[Work request]: Having located "Answer in list order." in the listing below, write out its line and every following line exactly, last line included, without the pictures.
+++
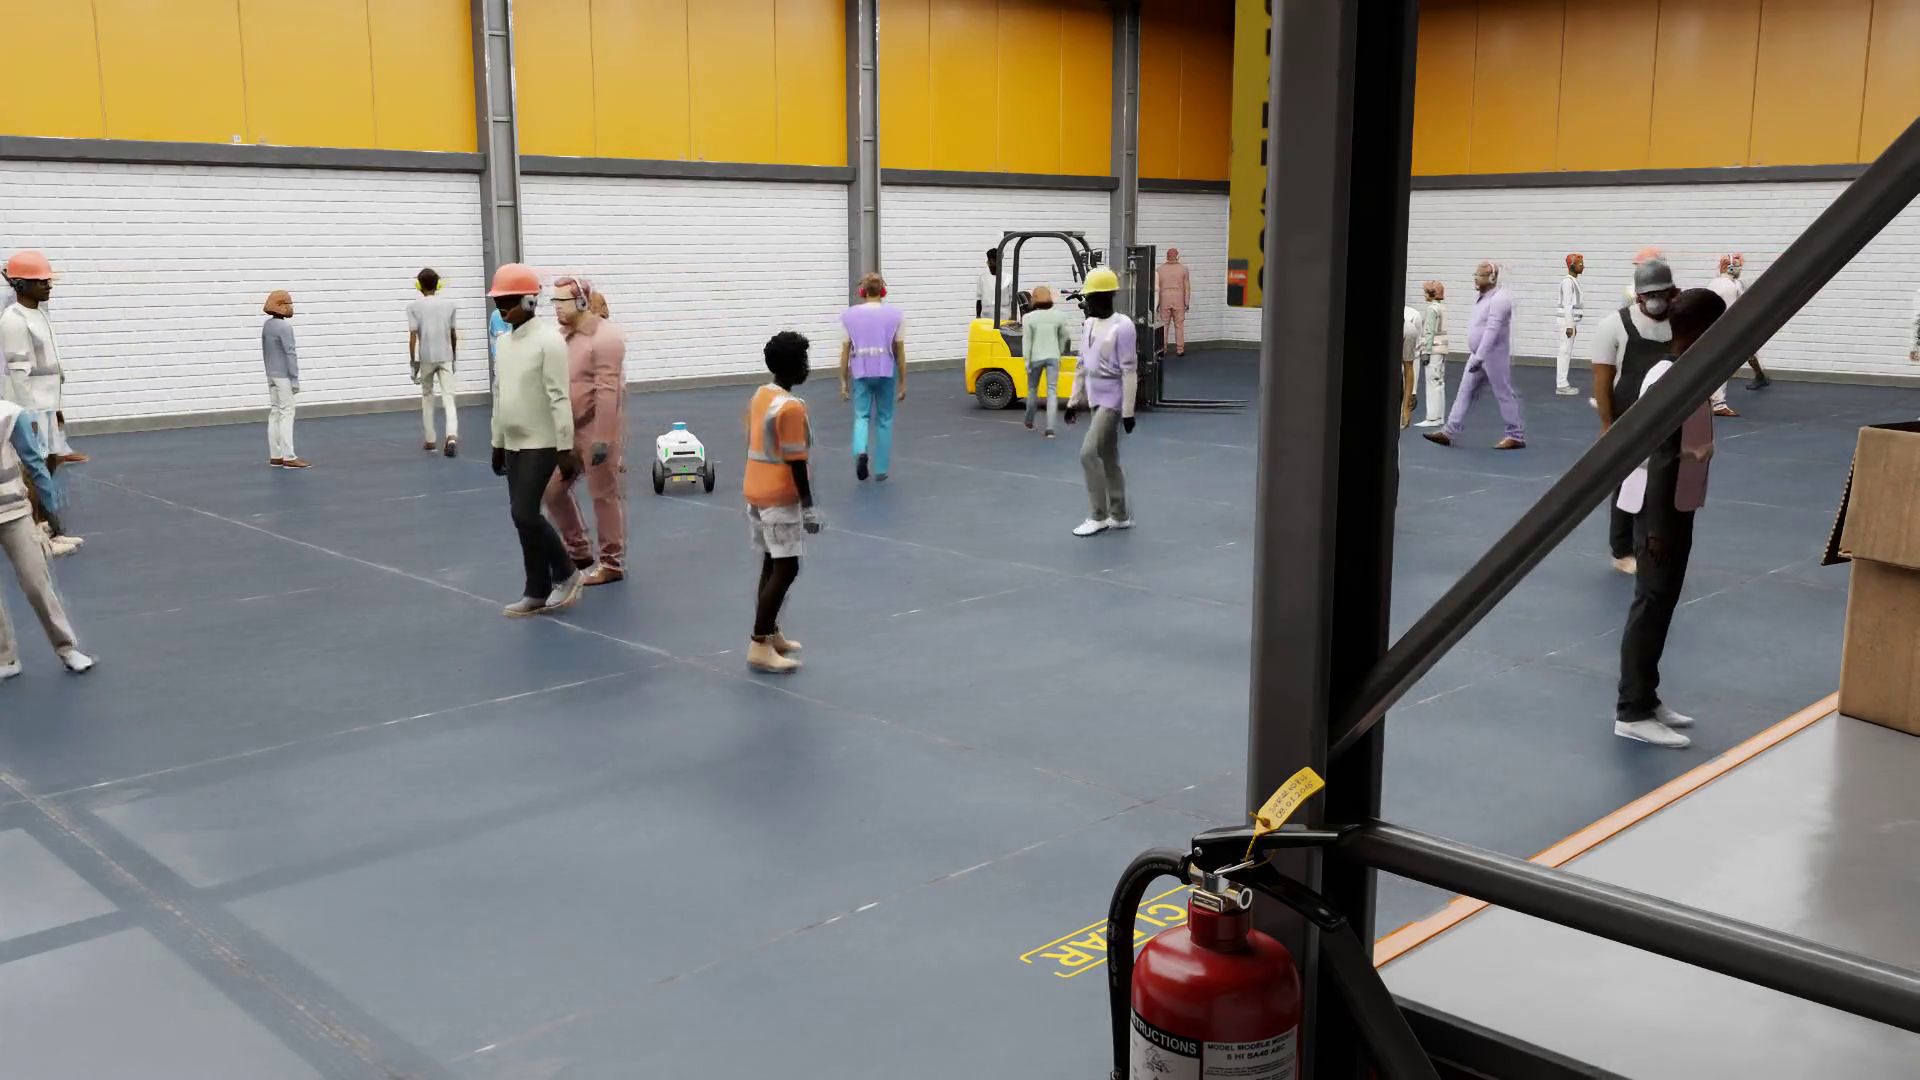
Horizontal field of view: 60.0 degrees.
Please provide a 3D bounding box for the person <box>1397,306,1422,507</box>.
[{"bbox_3d":[3.315,-1.199,13.105,0.572,1.886,0.358,3,11,18],"label":"person"}]

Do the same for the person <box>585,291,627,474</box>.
[{"bbox_3d":[-3.224,-1.394,14.849,0.497,1.636,0.286,0,10,3],"label":"person"}]

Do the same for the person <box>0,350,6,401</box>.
[{"bbox_3d":[-7.550,-1.125,12.641,0.709,1.904,0.654,-1,10,-6],"label":"person"}]

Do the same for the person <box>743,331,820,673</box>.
[{"bbox_3d":[-0.920,-0.189,8.239,0.365,1.680,0.591,-4,11,-22],"label":"person"}]

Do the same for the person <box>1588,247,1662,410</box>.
[{"bbox_3d":[8.084,-2.454,19.680,1.073,1.981,0.638,10,14,43],"label":"person"}]

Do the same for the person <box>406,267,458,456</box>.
[{"bbox_3d":[-5.117,-1.738,16.213,0.484,1.829,0.887,-5,11,-24],"label":"person"}]

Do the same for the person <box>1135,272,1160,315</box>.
[{"bbox_3d":[2.922,-3.674,26.481,0.358,1.930,0.590,-7,13,-34],"label":"person"}]

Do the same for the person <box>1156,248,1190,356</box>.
[{"bbox_3d":[3.751,-4.193,29.377,0.638,1.908,0.409,3,11,15],"label":"person"}]

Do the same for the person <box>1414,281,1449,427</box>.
[{"bbox_3d":[5.298,-2.075,18.588,0.317,1.631,0.522,6,12,29],"label":"person"}]

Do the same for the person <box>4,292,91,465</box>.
[{"bbox_3d":[-8.512,-1.583,15.158,0.630,1.907,0.914,9,14,42],"label":"person"}]

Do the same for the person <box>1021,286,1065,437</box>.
[{"bbox_3d":[0.881,-1.916,17.832,0.497,1.584,0.864,-2,11,-8],"label":"person"}]

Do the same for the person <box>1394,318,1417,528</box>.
[{"bbox_3d":[3.012,-0.975,12.012,0.506,1.839,0.344,6,12,29],"label":"person"}]

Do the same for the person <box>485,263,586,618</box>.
[{"bbox_3d":[-2.405,-0.521,9.235,0.650,1.945,0.437,10,14,44],"label":"person"}]

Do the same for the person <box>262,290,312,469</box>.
[{"bbox_3d":[-6.226,-1.475,15.299,0.503,1.632,0.274,10,14,43],"label":"person"}]

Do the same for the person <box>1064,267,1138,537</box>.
[{"bbox_3d":[0.975,-0.977,11.860,0.685,1.904,0.606,-4,11,-19],"label":"person"}]

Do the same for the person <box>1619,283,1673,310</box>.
[{"bbox_3d":[8.200,-2.424,19.974,0.638,1.820,0.445,2,11,10],"label":"person"}]

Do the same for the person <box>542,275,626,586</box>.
[{"bbox_3d":[-2.299,-0.648,10.100,0.659,1.890,0.503,8,13,38],"label":"person"}]

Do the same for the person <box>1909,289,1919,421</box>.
[{"bbox_3d":[10.703,-2.103,18.066,0.998,1.890,0.672,-4,11,-22],"label":"person"}]

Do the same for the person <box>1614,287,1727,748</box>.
[{"bbox_3d":[2.989,-0.103,7.048,0.373,1.915,0.596,6,12,30],"label":"person"}]

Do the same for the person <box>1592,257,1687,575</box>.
[{"bbox_3d":[4.336,-0.789,10.446,0.699,2.000,0.541,1,10,4],"label":"person"}]

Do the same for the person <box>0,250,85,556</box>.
[{"bbox_3d":[-6.120,-0.898,11.077,0.393,2.038,0.606,-2,11,-13],"label":"person"}]

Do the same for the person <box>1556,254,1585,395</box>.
[{"bbox_3d":[8.216,-2.900,22.389,0.355,1.882,0.576,4,11,22],"label":"person"}]

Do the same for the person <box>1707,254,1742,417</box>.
[{"bbox_3d":[9.073,-2.424,19.726,0.408,1.909,0.638,1,10,3],"label":"person"}]

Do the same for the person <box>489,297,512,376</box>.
[{"bbox_3d":[-4.614,-1.814,16.975,0.318,1.695,0.539,2,11,12],"label":"person"}]

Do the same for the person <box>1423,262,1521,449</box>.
[{"bbox_3d":[5.175,-1.821,16.555,1.008,1.864,0.650,-2,11,-9],"label":"person"}]

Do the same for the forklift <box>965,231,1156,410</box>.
[{"bbox_3d":[1.222,-2.721,20.561,2.313,2.155,1.214,2,11,13],"label":"forklift"}]

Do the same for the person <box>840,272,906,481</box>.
[{"bbox_3d":[-0.744,-1.384,14.305,0.564,1.820,0.639,0,10,1],"label":"person"}]

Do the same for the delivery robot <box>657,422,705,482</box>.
[{"bbox_3d":[-2.360,-0.748,14.020,0.477,0.478,0.707,-3,11,-15],"label":"delivery robot"}]

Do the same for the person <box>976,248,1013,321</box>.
[{"bbox_3d":[0.489,-3.027,22.866,0.602,1.961,0.371,4,11,21],"label":"person"}]

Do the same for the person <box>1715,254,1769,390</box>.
[{"bbox_3d":[10.745,-3.014,23.040,1.019,1.877,0.585,3,11,17],"label":"person"}]

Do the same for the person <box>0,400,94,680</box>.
[{"bbox_3d":[-4.554,-0.098,7.857,0.603,1.612,0.411,-2,11,-10],"label":"person"}]
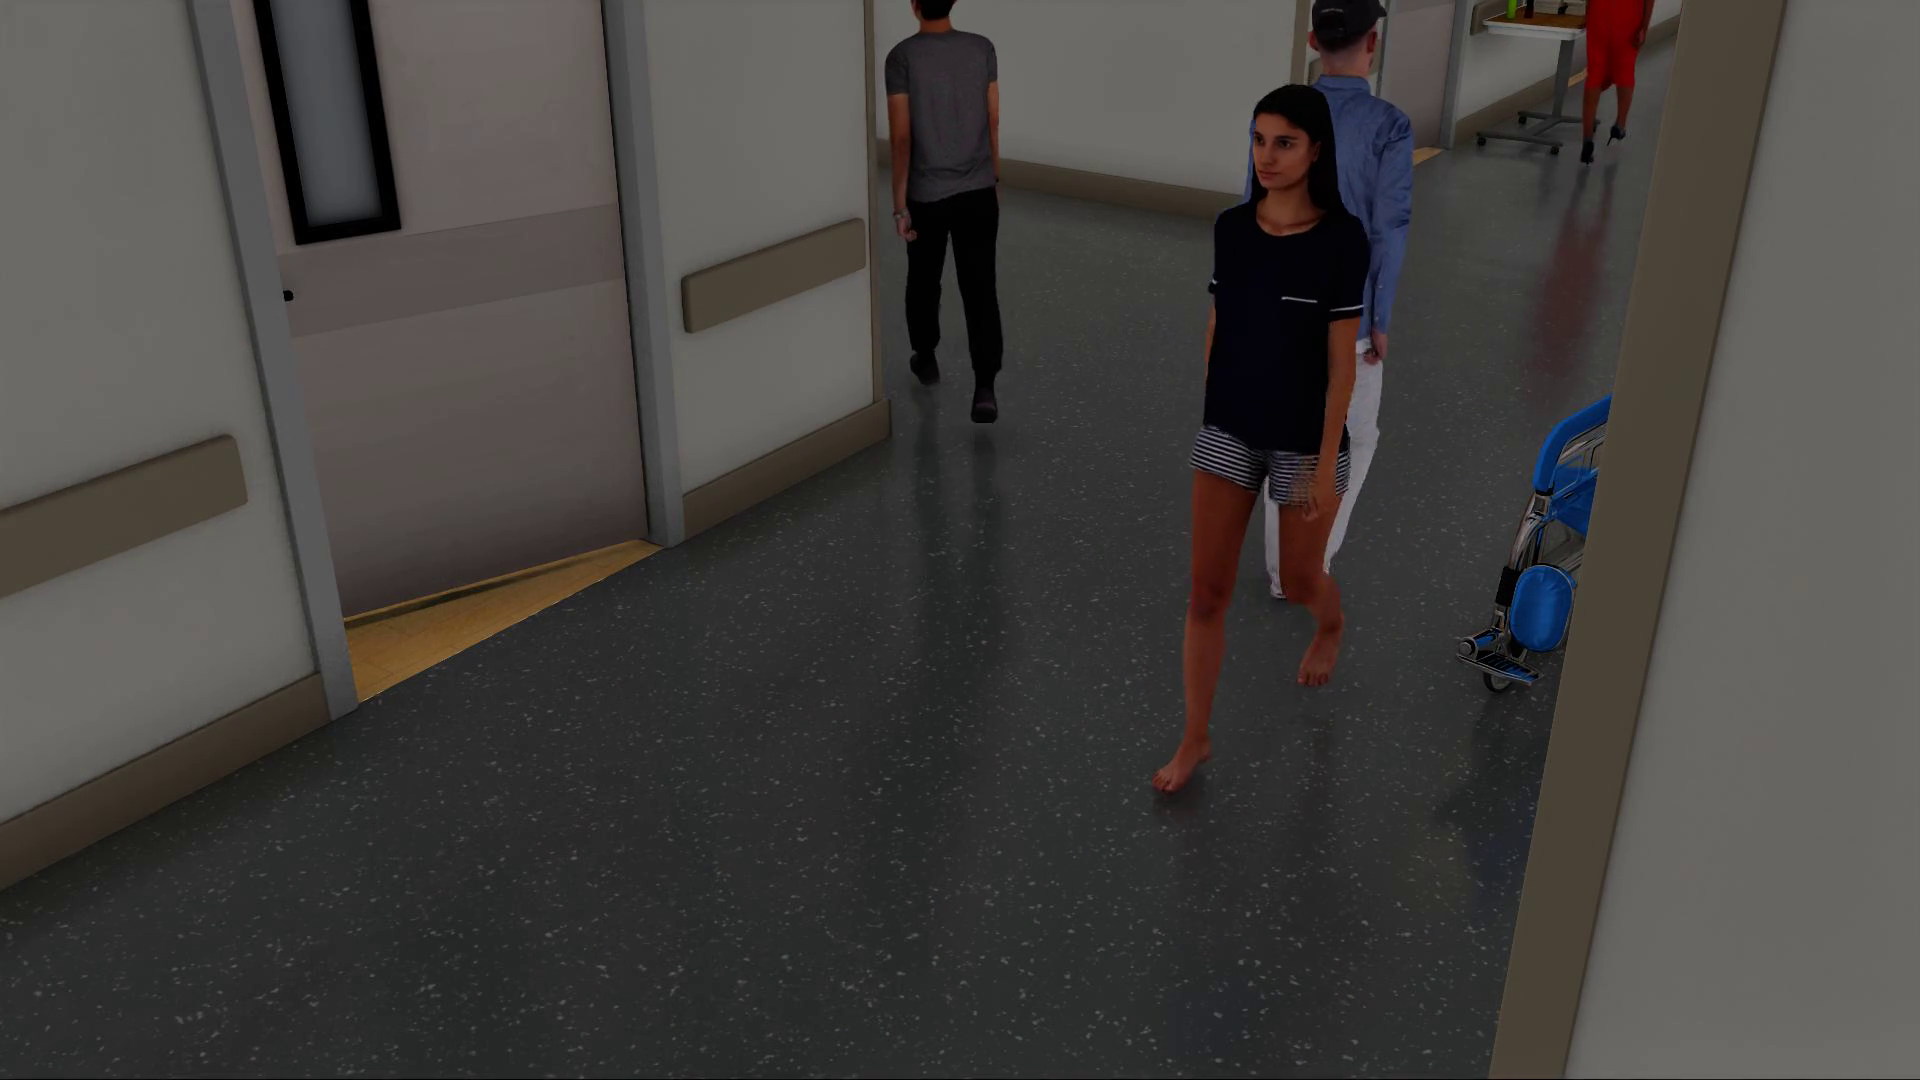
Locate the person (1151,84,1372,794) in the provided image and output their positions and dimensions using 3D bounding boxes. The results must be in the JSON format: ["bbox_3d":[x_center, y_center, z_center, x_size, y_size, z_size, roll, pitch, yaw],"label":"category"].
[{"bbox_3d":[0.840,-0.248,4.198,0.571,1.737,1.053,16,30,30],"label":"person"}]

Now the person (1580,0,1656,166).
[{"bbox_3d":[4.044,-3.185,10.319,0.663,1.711,1.054,13,29,25],"label":"person"}]

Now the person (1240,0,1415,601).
[{"bbox_3d":[1.009,-0.636,4.847,0.684,1.873,0.729,14,29,26],"label":"person"}]

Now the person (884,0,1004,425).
[{"bbox_3d":[-0.020,-1.287,6.367,1.140,1.725,1.202,-4,26,-8],"label":"person"}]
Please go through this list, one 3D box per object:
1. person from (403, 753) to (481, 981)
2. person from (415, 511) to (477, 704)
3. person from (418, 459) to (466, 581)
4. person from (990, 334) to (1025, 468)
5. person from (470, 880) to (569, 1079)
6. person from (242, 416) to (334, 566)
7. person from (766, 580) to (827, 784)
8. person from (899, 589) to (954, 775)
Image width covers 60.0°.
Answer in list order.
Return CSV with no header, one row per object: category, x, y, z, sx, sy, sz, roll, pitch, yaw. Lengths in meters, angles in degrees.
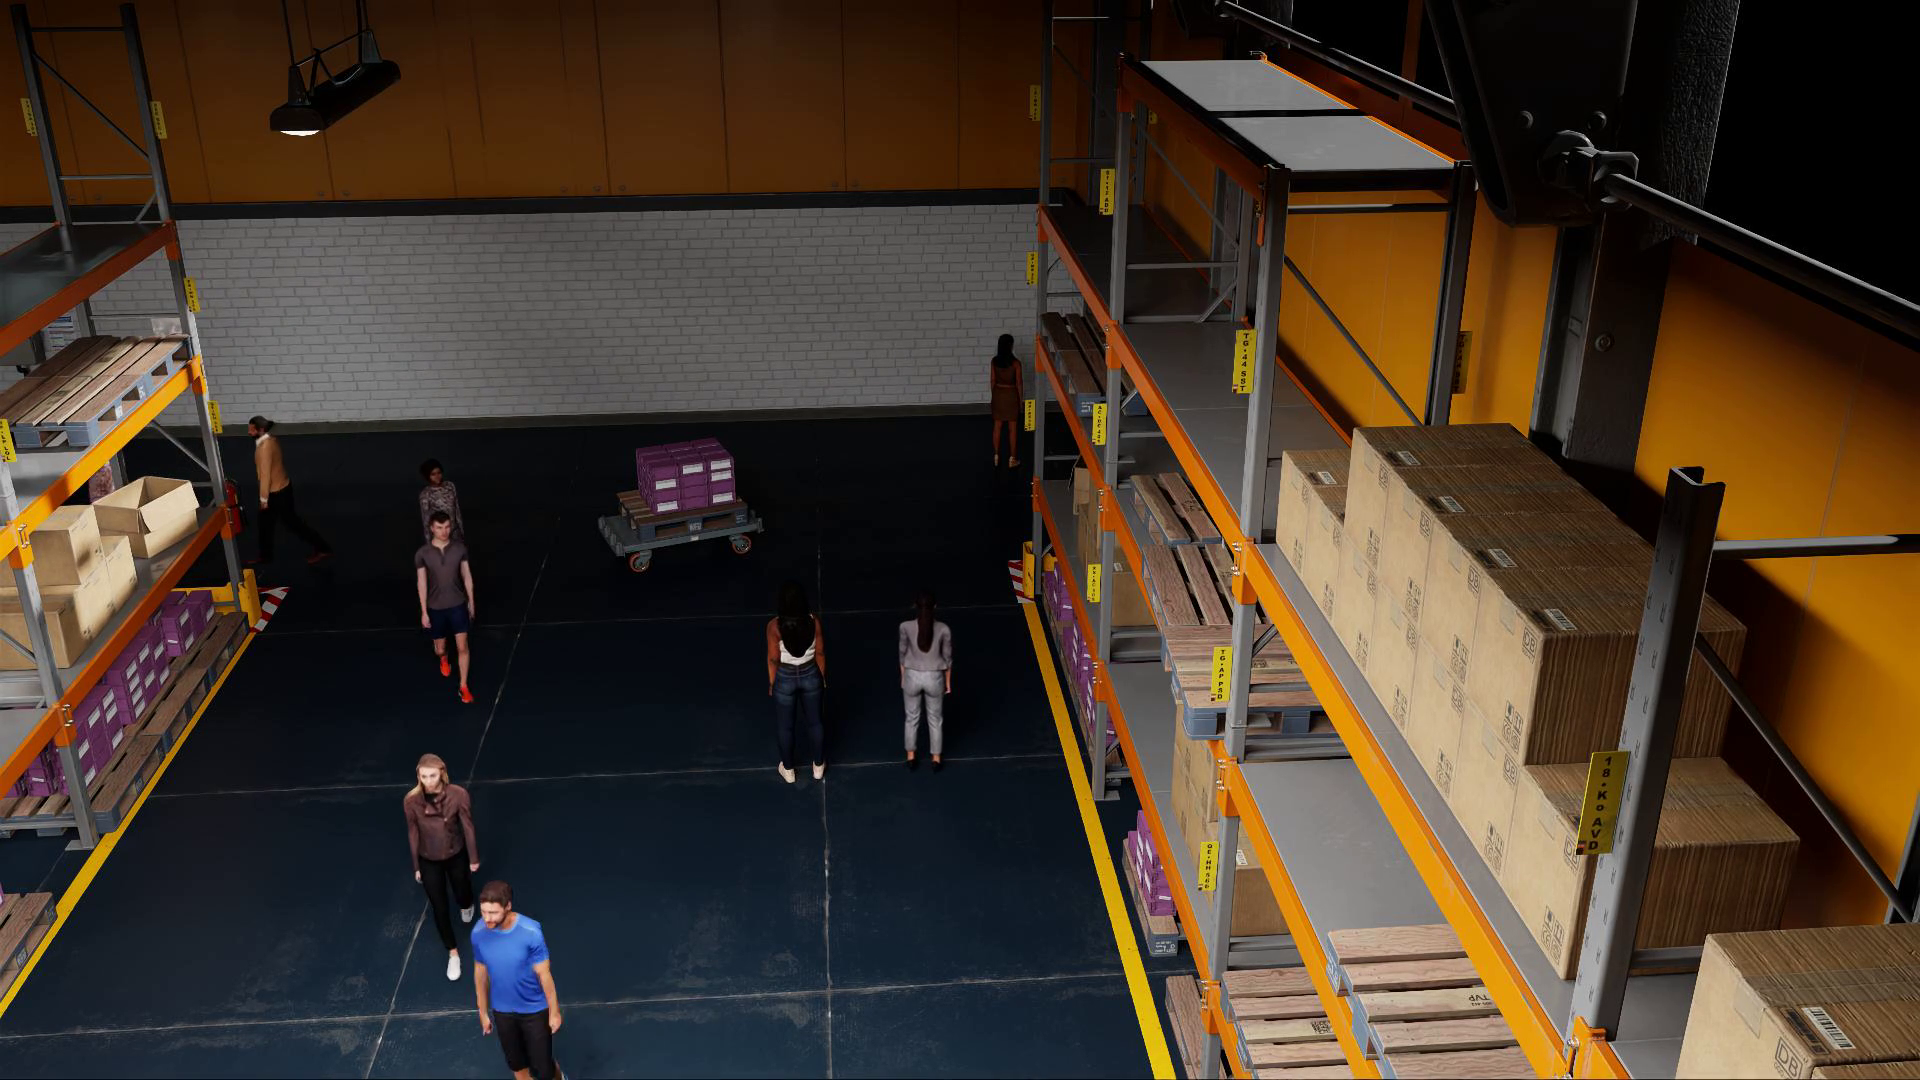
person,-3.592,2.202,11.617,0.674,1.688,0.965,-5,24,-11
person,-4.687,0.576,15.154,0.839,1.834,1.014,-10,26,-22
person,-5.208,-0.029,16.699,0.745,1.704,0.806,-20,31,-38
person,0.566,-1.726,20.605,0.644,1.686,0.646,9,25,20
person,-2.620,2.773,10.101,0.741,1.855,0.787,5,24,10
person,-7.200,-0.502,17.760,0.945,1.720,1.172,-9,25,-19
person,-1.350,1.172,13.822,0.671,1.808,0.631,-5,24,-11
person,-0.299,1.195,13.936,0.642,1.674,0.612,2,24,4
+++
[Response to the exercise]:
Answer in list order.
Return CSV with no header, one row per object: category, x, y, z, sx, sy, sz, roll, pitch, yaw. Lengths in meters, angles in degrees.
person,-3.592,2.202,11.617,0.674,1.688,0.965,-5,24,-11
person,-4.687,0.576,15.154,0.839,1.834,1.014,-10,26,-22
person,-5.208,-0.029,16.699,0.745,1.704,0.806,-20,31,-38
person,0.566,-1.726,20.605,0.644,1.686,0.646,9,25,20
person,-2.620,2.773,10.101,0.741,1.855,0.787,5,24,10
person,-7.200,-0.502,17.760,0.945,1.720,1.172,-9,25,-19
person,-1.350,1.172,13.822,0.671,1.808,0.631,-5,24,-11
person,-0.299,1.195,13.936,0.642,1.674,0.612,2,24,4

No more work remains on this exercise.